Sentence transformer models load on first use, adding several seconds to initial latency. For server applications, initialize the embedder at startup.

# Initialize at server startup
embedder = SentenceTransformerEmbedder("all-MiniLM-L6-v2")

# Reuse across requests
def handle_request(answer, sources):
    return align_citations(answer, sources, embedder=embedder)

Batch Encoding

The embedder encodes all passages in a single batch operation. This is efficient for typical workloads with 5-50 passages.

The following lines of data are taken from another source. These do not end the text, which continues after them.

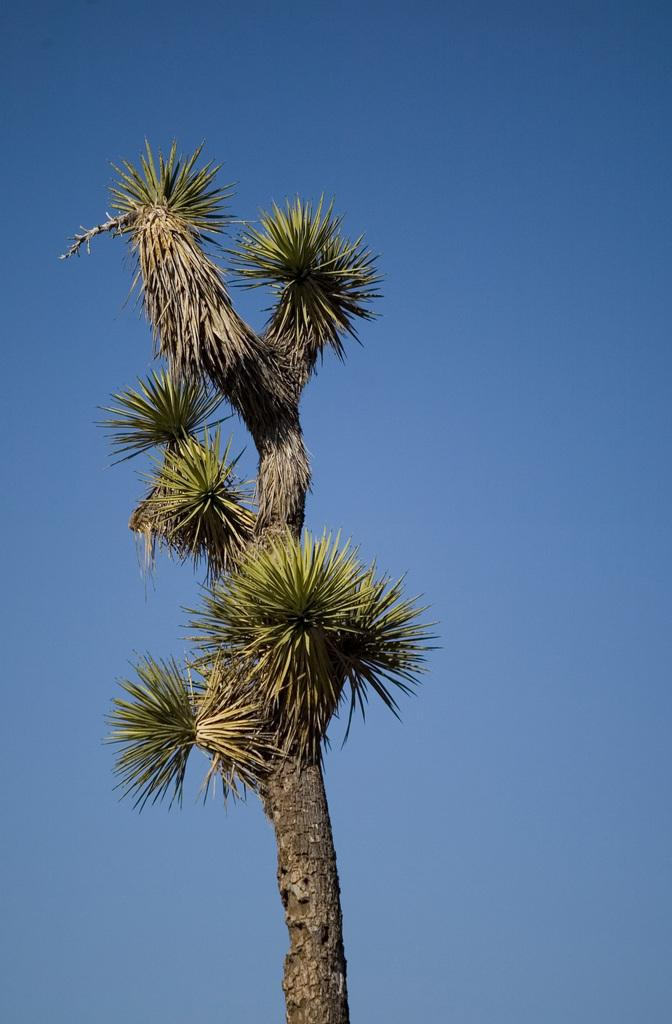What is the main subject in the center of the image? There is a tree in the center of the image. What can be seen in the background of the image? There is a sky visible in the background of the image. How does the tree increase in size in the image? The tree does not increase in size in the image; it is a static representation of a tree. 
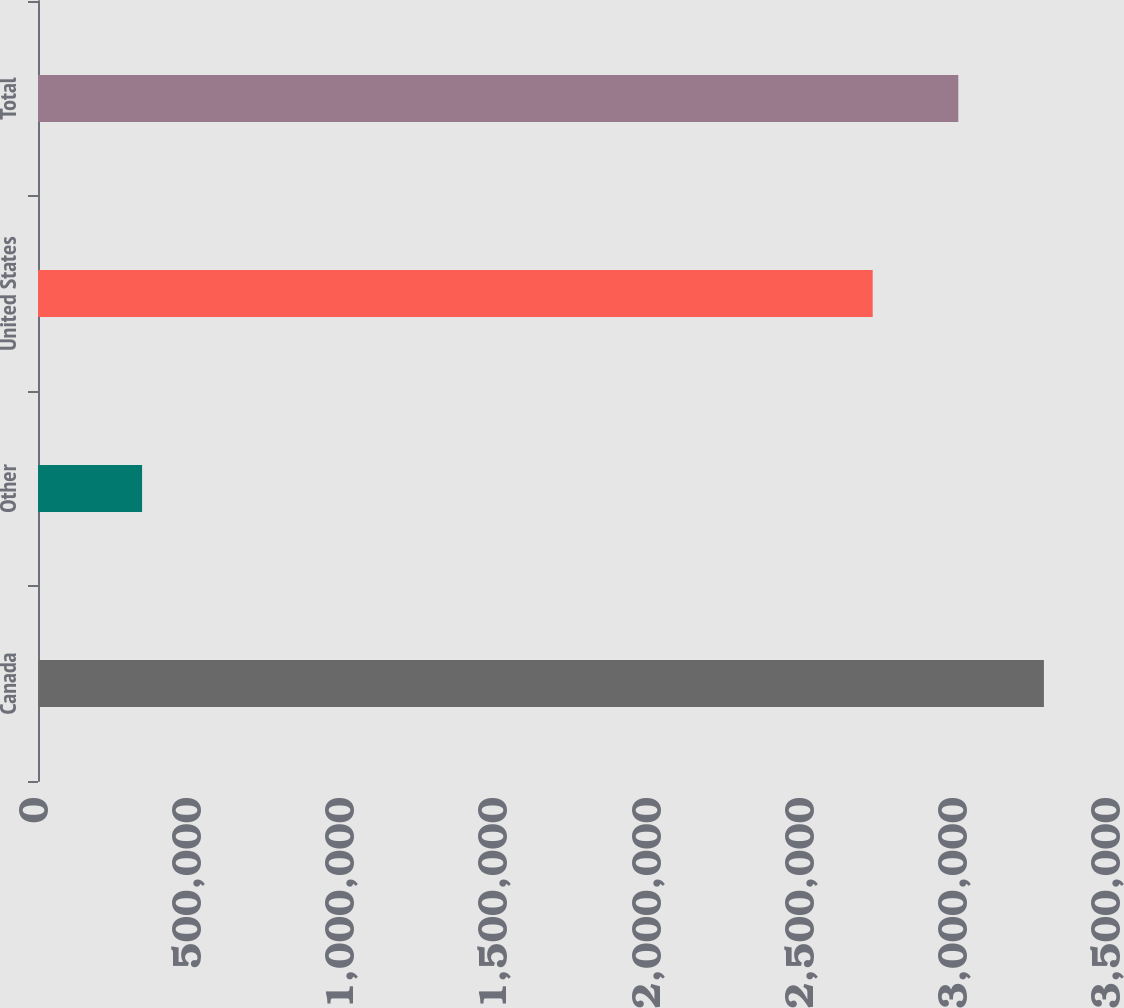Convert chart. <chart><loc_0><loc_0><loc_500><loc_500><bar_chart><fcel>Canada<fcel>Other<fcel>United States<fcel>Total<nl><fcel>3.28423e+06<fcel>339856<fcel>2.7252e+06<fcel>3.00471e+06<nl></chart> 
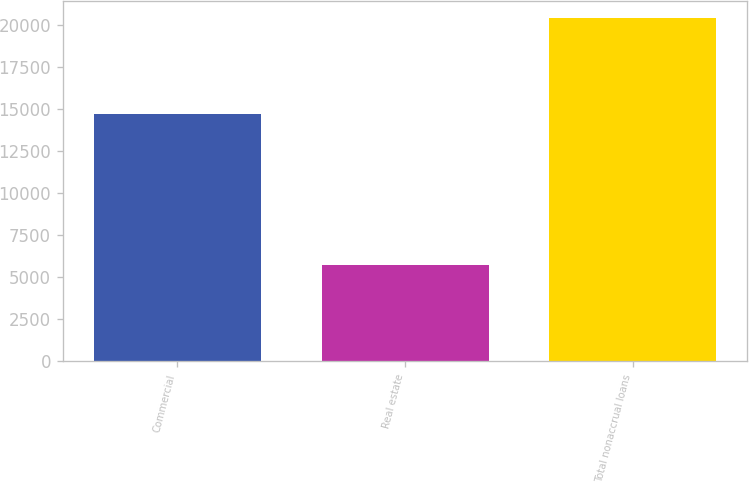Convert chart to OTSL. <chart><loc_0><loc_0><loc_500><loc_500><bar_chart><fcel>Commercial<fcel>Real estate<fcel>Total nonaccrual loans<nl><fcel>14688<fcel>5723<fcel>20411<nl></chart>

For very large source sets, consider pre-computing and caching embeddings.

GPU Acceleration

Sentence transformers automatically use GPU when available. For high-throughput applications, GPU acceleration significantly reduces embedding latency.

# Check if GPU is being used
import torch
print(f"CUDA available: {torch.cuda.is_available()}")

When Embeddings Help

Embeddings improve recall in several scenarios.

Paraphrased content where the answer expresses source facts using different words benefits significantly. "The project was completed successfully" may match "Successfully finishing the initiative" even without word overlap.

Synonyms and related terms are captured. "Increase" may match "growth" or "rise" through semantic similarity.

Domain-specific vocabulary with consistent meaning across variations benefits from the contextual understanding embeddings provide.

When Embeddings May Not Help

Near-verbatim content where lexical matching already works well gains little from embeddings. The additional computation adds latency without improving results.

Highly technical content with specialized terminology may not be well-represented by general-purpose embedding models. Domain-specific fine-tuning may be necessary.

Very short passages may not contain enough context for meaningful embeddings. Single-word or very brief excerpts produce less reliable similarity scores.

Observability

When debugging citation quality, examine both lexical and embedding scores.

for result in results:
    for citation in result.citations:
        components = citation.components
        print(f"Lexical score: {components.get('lexical_score', 0):.3f}")
        print(f"Embedding score: {components.get('embedding_score', 0):.3f}")
        print(f"Alignment score: {components.get('alignment_score', 0):.3f}")

This breakdown reveals whether citations are driven primarily by word overlap or semantic similarity, informing configuration tuning.